Shorthand for annotations: “insert” (although this specification can be used to both insert new occurences of a pattern, or destroy supernumerary patterns)

Parameters
pattern

A SequencePattern or DnaNotationPattern or a string such as “AATTG”, “BsmBI_site”, etc.

occurences

Desired number of occurrences of the pattern.

location

Location of the DNA segment on which to enforce the pattern e.g. Location(10, 45, 1). Default None means the whole sequence.

center

If True, new inserted patterns will prioritize locations at the center of the specification’s location. Else the insertion will happen at the beginning of the location.

strand

Alternative way to set the strand, meant to be used in two cases only: (1) in a Genbank annotation by setting strand='both' to indicate that the pattern could be on both strands (otherwise, only the feature’s strand will be considered). (2) if you want to create a specification without preset location, but with a set strand: EnforcePatternOccurence('BsmBI_site', strand=1).

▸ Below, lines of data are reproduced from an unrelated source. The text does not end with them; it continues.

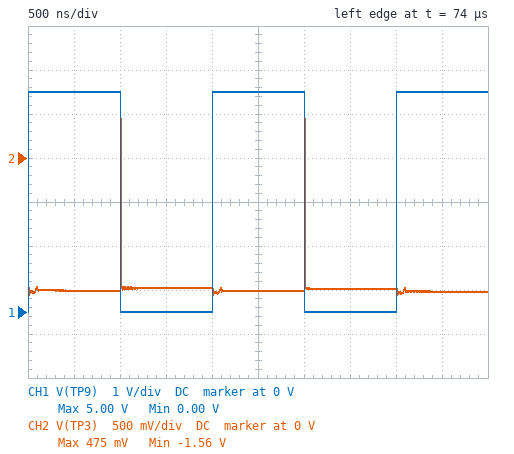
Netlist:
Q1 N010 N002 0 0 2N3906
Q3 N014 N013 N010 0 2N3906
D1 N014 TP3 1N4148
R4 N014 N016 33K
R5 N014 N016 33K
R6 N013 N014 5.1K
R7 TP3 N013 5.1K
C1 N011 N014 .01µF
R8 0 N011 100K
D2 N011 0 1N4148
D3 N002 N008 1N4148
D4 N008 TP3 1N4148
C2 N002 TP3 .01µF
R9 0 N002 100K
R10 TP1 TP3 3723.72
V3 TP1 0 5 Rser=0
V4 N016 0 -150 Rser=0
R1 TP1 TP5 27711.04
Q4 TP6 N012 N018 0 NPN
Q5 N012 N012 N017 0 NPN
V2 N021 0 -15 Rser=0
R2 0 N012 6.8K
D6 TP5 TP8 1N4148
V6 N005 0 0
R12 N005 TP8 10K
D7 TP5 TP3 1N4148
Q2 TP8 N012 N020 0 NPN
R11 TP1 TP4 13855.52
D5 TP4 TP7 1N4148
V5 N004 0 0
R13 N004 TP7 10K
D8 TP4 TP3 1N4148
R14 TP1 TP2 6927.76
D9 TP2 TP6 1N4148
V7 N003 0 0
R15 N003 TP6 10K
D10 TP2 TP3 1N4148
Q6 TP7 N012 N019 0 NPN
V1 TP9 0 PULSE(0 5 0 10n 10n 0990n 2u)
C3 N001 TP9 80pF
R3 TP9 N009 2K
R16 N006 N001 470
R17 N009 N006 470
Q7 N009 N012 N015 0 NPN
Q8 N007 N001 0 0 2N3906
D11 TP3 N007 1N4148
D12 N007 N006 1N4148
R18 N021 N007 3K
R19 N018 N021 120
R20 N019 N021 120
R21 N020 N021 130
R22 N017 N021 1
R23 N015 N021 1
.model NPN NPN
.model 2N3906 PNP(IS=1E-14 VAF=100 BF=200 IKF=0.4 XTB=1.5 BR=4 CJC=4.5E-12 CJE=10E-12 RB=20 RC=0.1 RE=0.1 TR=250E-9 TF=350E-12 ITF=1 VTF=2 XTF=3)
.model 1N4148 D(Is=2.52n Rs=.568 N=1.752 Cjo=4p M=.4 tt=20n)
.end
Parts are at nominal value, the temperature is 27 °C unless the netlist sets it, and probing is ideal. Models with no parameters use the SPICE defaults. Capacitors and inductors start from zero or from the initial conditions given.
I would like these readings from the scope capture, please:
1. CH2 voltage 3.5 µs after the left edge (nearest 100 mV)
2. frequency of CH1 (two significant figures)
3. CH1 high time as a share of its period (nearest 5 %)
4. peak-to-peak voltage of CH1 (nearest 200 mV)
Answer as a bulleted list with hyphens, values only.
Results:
- -1.5 V
- 500 kHz
- 50 %
- 5.0 V
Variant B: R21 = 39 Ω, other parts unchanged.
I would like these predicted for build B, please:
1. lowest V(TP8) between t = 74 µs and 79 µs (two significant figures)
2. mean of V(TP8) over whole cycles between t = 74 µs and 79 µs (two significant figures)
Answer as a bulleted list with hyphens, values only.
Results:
- -4.8 V
- -4.2 V
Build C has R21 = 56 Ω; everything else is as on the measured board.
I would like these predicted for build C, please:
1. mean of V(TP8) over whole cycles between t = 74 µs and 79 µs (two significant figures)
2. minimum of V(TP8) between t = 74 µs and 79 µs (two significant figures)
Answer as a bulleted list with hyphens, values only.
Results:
- -3.2 V
- -3.8 V
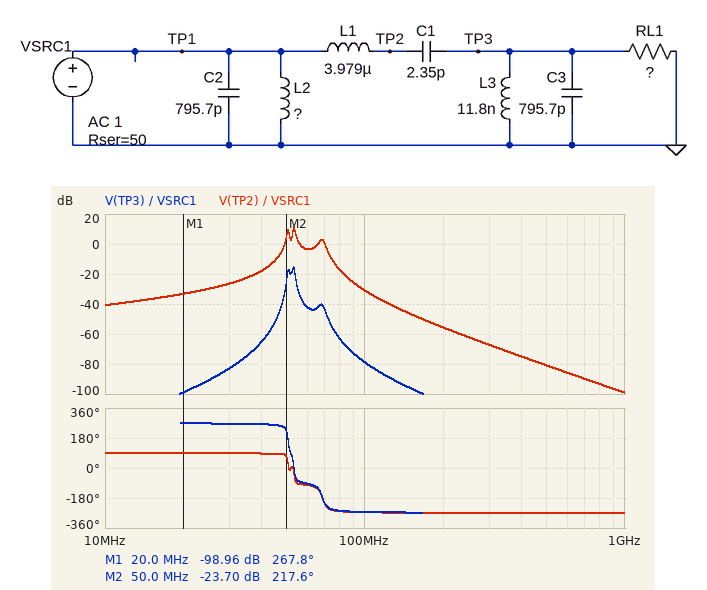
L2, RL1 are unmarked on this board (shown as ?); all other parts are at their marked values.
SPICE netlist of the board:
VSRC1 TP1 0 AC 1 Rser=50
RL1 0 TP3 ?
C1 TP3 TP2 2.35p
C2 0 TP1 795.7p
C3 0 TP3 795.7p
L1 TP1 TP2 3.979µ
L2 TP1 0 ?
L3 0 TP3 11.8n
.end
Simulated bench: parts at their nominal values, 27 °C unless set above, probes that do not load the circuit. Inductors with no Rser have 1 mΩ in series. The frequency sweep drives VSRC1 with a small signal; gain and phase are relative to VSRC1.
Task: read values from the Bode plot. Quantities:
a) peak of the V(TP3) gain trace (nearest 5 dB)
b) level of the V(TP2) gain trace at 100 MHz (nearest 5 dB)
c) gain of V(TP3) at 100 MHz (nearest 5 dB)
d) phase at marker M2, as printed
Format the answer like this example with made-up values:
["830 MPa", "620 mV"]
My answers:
["-15 dB", "-30 dB", "-80 dB", "217.6 deg"]
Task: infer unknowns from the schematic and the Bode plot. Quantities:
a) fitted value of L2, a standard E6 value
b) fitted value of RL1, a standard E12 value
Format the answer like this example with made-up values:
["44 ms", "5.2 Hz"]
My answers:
["6.8 nH", "100 Ω"]

The default ‘from_location’ uses the strand specified in location, or if that is None, it sets both strands.

EnforceRegionsCompatibility

class dnachisel.builtin_specifications.EnforceRegionsCompatibility(locations, compatibility_condition, condition_label='', boost=1.0)[source]

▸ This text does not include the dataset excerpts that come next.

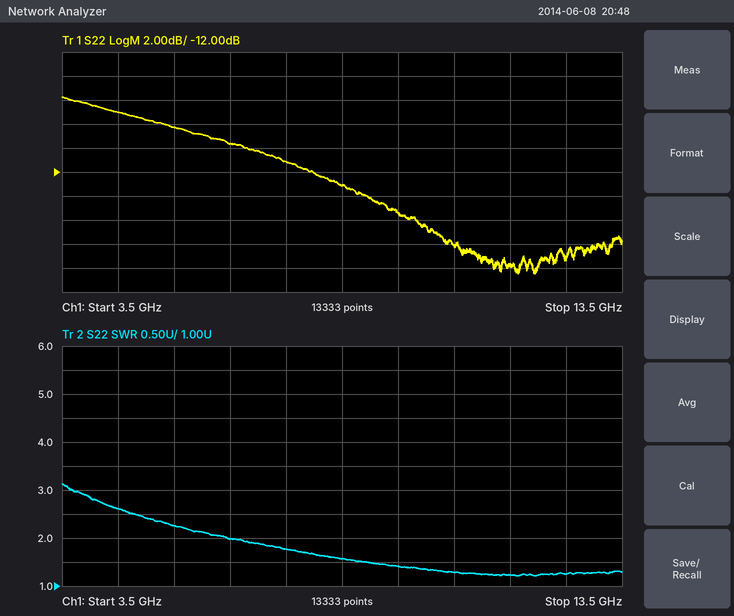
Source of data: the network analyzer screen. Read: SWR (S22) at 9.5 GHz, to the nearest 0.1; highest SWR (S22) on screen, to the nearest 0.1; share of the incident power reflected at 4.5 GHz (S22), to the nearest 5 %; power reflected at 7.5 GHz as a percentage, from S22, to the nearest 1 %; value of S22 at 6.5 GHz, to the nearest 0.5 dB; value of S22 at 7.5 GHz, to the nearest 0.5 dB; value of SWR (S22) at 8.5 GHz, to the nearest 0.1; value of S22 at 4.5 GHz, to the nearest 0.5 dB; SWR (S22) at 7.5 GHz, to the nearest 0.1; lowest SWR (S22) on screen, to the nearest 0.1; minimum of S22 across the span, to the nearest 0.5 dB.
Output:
1.4
3.1
20 %
8 %
-9.5 dB
-11.0 dB
1.6
-7.0 dB
1.8
1.2
-20.5 dB
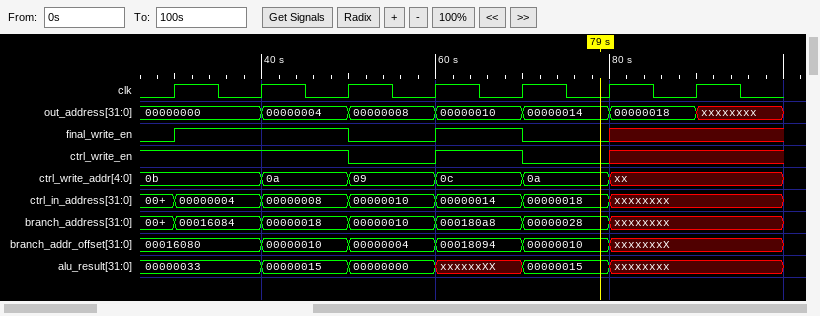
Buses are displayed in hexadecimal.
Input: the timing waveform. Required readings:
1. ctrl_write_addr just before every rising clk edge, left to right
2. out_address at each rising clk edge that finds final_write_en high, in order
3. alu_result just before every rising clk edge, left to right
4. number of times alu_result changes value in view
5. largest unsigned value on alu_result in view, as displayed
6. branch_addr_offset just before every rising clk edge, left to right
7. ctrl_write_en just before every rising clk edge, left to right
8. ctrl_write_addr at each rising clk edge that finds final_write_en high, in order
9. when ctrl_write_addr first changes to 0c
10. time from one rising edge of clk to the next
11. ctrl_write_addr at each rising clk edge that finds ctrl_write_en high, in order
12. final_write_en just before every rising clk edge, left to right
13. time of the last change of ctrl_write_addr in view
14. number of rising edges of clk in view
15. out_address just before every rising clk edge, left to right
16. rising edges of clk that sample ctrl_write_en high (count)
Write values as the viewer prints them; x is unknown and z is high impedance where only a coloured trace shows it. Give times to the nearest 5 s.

0b, 0b, 0a, 09, 0c, 0a, xx
00000000, 00000004, 00000010
00000033, 00000033, 00000015, 00000000, xxxxxxXX, 00000015, xxxxxxxx
5
00000033
00016080, 00016080, 00000010, 00000004, 00018094, 00000010, xxxxxxxX
1 1 1 0 1 0 x
0b, 0a, 0c
60 s
10 s
0b, 0b, 0a, 0c
0 1 1 0 1 0 x
80 s
7
00000000, 00000000, 00000004, 00000008, 00000010, 00000014, 00000018
4
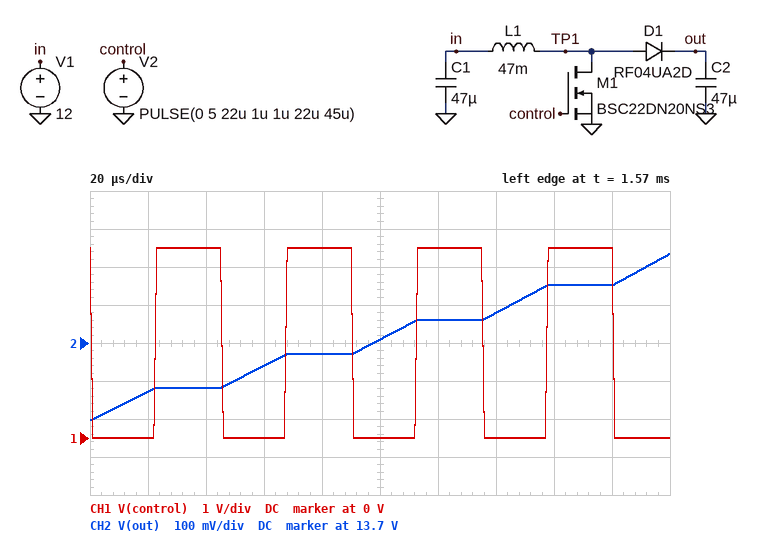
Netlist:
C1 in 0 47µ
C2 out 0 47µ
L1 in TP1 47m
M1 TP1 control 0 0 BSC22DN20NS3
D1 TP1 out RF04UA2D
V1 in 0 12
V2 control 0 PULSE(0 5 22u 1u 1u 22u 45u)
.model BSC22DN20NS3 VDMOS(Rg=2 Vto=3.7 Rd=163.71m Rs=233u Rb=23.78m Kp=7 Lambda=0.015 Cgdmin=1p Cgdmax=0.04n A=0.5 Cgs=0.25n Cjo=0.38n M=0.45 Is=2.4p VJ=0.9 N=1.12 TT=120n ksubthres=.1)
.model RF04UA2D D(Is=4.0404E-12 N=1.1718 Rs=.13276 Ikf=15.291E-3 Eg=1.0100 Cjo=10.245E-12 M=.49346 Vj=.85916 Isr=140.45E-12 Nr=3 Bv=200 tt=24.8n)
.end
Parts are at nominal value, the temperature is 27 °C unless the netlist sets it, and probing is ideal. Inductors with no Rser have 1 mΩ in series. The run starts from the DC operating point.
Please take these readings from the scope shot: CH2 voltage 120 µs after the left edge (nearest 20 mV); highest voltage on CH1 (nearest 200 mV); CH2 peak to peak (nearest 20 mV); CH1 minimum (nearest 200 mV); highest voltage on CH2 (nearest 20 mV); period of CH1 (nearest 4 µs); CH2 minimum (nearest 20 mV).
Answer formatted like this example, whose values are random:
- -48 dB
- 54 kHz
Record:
- 13.76 V
- 5.0 V
- 440 mV
- 0 V
- 13.94 V
- 44 µs
- 13.50 V
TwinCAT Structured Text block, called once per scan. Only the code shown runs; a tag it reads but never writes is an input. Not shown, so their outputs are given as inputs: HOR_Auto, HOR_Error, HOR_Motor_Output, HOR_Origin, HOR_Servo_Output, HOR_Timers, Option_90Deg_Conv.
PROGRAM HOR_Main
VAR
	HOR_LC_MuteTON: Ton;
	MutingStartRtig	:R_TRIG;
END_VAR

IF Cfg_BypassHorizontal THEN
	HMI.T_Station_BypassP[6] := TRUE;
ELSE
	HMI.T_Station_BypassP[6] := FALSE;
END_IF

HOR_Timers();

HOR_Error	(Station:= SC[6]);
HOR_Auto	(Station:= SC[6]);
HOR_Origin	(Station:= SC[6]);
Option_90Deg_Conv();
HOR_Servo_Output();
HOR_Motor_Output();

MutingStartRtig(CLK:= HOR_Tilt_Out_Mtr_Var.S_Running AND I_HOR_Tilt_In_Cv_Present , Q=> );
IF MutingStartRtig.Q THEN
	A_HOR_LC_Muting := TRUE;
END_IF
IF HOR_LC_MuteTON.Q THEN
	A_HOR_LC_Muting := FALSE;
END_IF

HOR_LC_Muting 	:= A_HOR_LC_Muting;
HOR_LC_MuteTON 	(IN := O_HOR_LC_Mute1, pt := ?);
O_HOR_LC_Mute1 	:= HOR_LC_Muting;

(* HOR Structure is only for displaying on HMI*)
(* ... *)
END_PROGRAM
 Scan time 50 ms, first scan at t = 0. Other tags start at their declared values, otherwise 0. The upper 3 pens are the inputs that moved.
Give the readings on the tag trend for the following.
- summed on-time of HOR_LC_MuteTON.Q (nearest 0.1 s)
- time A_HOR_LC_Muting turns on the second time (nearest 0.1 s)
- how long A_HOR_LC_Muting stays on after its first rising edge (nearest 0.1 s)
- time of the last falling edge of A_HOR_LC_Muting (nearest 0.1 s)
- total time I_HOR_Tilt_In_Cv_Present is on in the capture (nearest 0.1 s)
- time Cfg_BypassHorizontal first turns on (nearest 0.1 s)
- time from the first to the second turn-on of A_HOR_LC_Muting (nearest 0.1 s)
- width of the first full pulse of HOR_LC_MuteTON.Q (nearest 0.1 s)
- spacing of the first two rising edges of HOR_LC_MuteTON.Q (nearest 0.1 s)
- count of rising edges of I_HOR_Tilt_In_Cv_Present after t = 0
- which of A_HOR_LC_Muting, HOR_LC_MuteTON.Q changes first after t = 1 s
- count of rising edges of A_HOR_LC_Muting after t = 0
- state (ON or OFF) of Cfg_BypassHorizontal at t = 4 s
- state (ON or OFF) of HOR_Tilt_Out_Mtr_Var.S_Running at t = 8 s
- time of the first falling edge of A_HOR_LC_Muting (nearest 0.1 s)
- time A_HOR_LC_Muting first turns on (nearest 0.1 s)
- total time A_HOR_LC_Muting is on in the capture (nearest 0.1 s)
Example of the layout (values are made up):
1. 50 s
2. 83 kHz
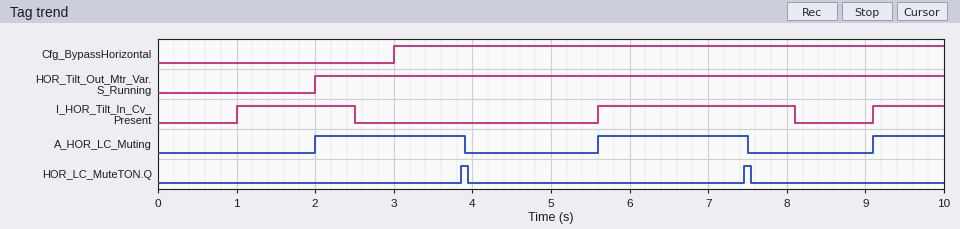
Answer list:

Ensure that different subregions satisfy compatibility constraints.

EnforceSequence

class dnachisel.builtin_specifications.EnforceSequence(sequence=None, location=None, boost=1.0)[source]

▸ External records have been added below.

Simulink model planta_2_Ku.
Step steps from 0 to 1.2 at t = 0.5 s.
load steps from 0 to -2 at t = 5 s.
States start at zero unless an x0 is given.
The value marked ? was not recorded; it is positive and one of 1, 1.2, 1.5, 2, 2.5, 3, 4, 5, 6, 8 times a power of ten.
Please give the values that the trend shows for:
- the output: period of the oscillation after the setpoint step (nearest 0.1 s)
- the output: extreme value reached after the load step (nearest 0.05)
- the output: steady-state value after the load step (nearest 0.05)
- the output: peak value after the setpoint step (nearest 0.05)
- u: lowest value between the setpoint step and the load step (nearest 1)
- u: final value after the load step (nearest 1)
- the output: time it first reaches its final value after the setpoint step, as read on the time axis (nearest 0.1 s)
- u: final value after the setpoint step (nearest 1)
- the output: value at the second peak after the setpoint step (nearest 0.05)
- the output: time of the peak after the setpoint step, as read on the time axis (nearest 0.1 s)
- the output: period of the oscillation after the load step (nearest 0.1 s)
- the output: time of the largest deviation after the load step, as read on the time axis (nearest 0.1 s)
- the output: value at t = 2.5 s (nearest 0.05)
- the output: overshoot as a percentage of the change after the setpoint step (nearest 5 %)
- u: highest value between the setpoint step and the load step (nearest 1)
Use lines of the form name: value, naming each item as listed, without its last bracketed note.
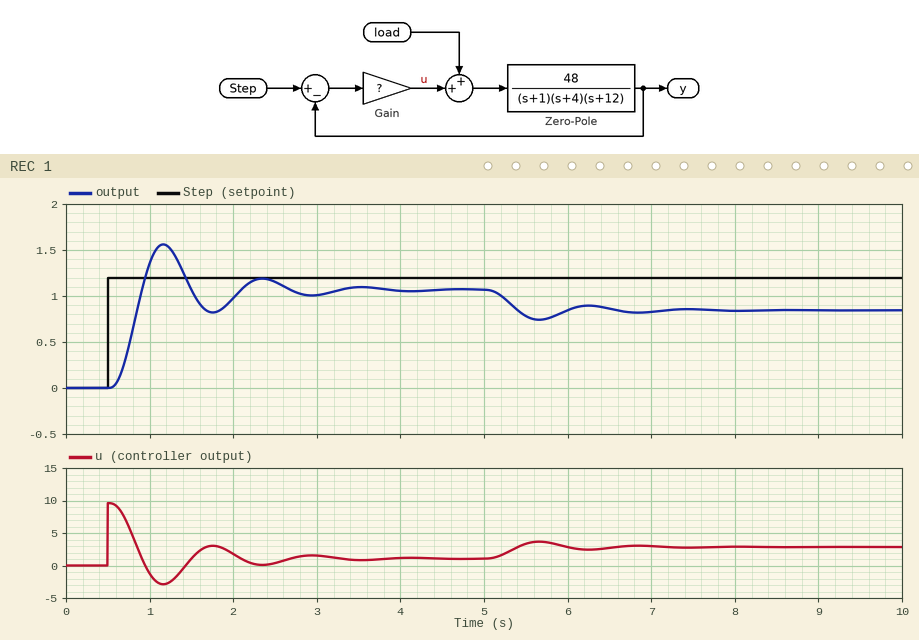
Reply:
the output: period of the oscillation after the setpoint step: 1.2 s
the output: extreme value reached after the load step: 0.75
the output: steady-state value after the load step: 0.85
the output: peak value after the setpoint step: 1.55
u: lowest value between the setpoint step and the load step: -3
u: final value after the load step: 3
the output: time it first reaches its final value after the setpoint step, as read on the time axis: 0.9 s
u: final value after the setpoint step: 1
the output: value at the second peak after the setpoint step: 1.20
the output: time of the peak after the setpoint step, as read on the time axis: 1.2 s
the output: period of the oscillation after the load step: 1.2 s
the output: time of the largest deviation after the load step, as read on the time axis: 5.7 s
the output: value at t = 2.5 s: 1.15
the output: overshoot as a percentage of the change after the setpoint step: 45 %
u: highest value between the setpoint step and the load step: 10
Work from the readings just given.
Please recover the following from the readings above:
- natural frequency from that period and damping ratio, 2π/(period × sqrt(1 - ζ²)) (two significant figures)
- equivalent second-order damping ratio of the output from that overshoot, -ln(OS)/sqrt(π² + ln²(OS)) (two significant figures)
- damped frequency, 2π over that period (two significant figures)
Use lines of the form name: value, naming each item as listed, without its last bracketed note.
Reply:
natural frequency from that period and damping ratio, 2π/(period × sqrt(1 - ζ²)): 5.4 rad/s
equivalent second-order damping ratio of the output from that overshoot, -ln(OS)/sqrt(π² + ln²(OS)): 0.25
damped frequency, 2π over that period: 5.2 rad/s
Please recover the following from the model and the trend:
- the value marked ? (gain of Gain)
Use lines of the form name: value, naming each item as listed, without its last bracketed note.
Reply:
the value marked ?: 8
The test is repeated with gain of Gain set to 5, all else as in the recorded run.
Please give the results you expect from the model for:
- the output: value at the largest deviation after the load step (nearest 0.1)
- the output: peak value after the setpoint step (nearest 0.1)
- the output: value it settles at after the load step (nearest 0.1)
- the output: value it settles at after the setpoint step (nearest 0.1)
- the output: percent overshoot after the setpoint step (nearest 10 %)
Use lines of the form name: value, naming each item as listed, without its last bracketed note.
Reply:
the output: value at the largest deviation after the load step: 0.6
the output: peak value after the setpoint step: 1.3
the output: value it settles at after the load step: 0.7
the output: value it settles at after the setpoint step: 1.0
the output: percent overshoot after the setpoint step: 30 %
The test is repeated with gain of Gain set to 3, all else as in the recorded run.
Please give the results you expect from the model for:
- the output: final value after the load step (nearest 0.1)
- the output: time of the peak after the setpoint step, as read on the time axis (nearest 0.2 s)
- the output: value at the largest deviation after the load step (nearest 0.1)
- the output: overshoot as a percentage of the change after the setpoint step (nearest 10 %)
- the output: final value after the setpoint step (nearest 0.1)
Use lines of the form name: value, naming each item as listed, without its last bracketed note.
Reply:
the output: final value after the load step: 0.4
the output: time of the peak after the setpoint step, as read on the time axis: 1.6 s
the output: value at the largest deviation after the load step: 0.3
the output: overshoot as a percentage of the change after the setpoint step: 20 %
the output: final value after the setpoint step: 0.9

Enforces a (possibly degenerate) sequence at some location.

Shorthand for annotations: “sequence”.

Parameters
sequence

An ATGC string representing the wanted sequence, possibly degenerated, for instance ATTCGCGTYTTKWNAA

location

Location of the DNA segment on which to enforce the pattern e.g. Location(10, 45, 1) or simply (10, 45, 1)

EnforceTranslation

class dnachisel.builtin_specifications.EnforceTranslation(genetic_table='default', start_codon=None, translation=None, location=None, boost=1.0)[source]

Enforce a specific amino-acid sequence translation.

This class enforces the standard translation, but it is also possible to change the class’ codons_sequences and codons_translations dictionaries for more exotic kind of translations

Shorthand for annotations: “cds”.

Parameters
location

Either a DnaChisel Location or a tuple of the form (start, end, strand) or just (start, end), with strand defaulting to +1, indicating the position of the gene to codon-optimize. If not provided, the whole sequence is considered as the gene. The location should have a length that is a multiple of 3. The location strand is either 1 if the gene is encoded on the (+) strand, or -1 for antisense.

genetic_table

Either “Standard”, “Bacterial”, or any other Biopython genetic table name (see dnachisel.biotools.CODON_TABLE_NAMES for a list of accepted names).

start_codon

Signals that the first codon is a start codon and provides a policy for changing it. It is very important that this parameter be set when dealing with full coding sequences in organisms with different start codons, e.g. GTG in bacteria. If it is not set, then a GTG (start codon or Valine) could be changed into GTA (also valine but NOT a start codon). Can be False (the first codon is not considered a start codon, but can still naturally code for methionine), keep (freezes the original sub-sequence at this location, or a codon e.g. ATG or GTG or ["ATG", "GTG"].

translation

String representing the protein sequence that the DNA segment should translate to, eg. “MKY…LL*” (“*” stands for stop codon). Can be omitted if the sequence initially encodes the right sequence.

boost

Score multiplicator (=weight) for when the specification is used as an optimization objective alongside competing objectives.

SequenceLengthBounds

class dnachisel.builtin_specifications.SequenceLengthBounds(min_length=0, max_length=None)[source]

Checks that the sequence length is between bounds.

Quite an uncommon specification as it can’t really be solved or optimized. But practical as part of a list of constraints to verify.

Parameters
min_length

Minimal allowed sequence length in nucleotides

max_length

Maximal allowed sequence length in nucleotides. None means no bound.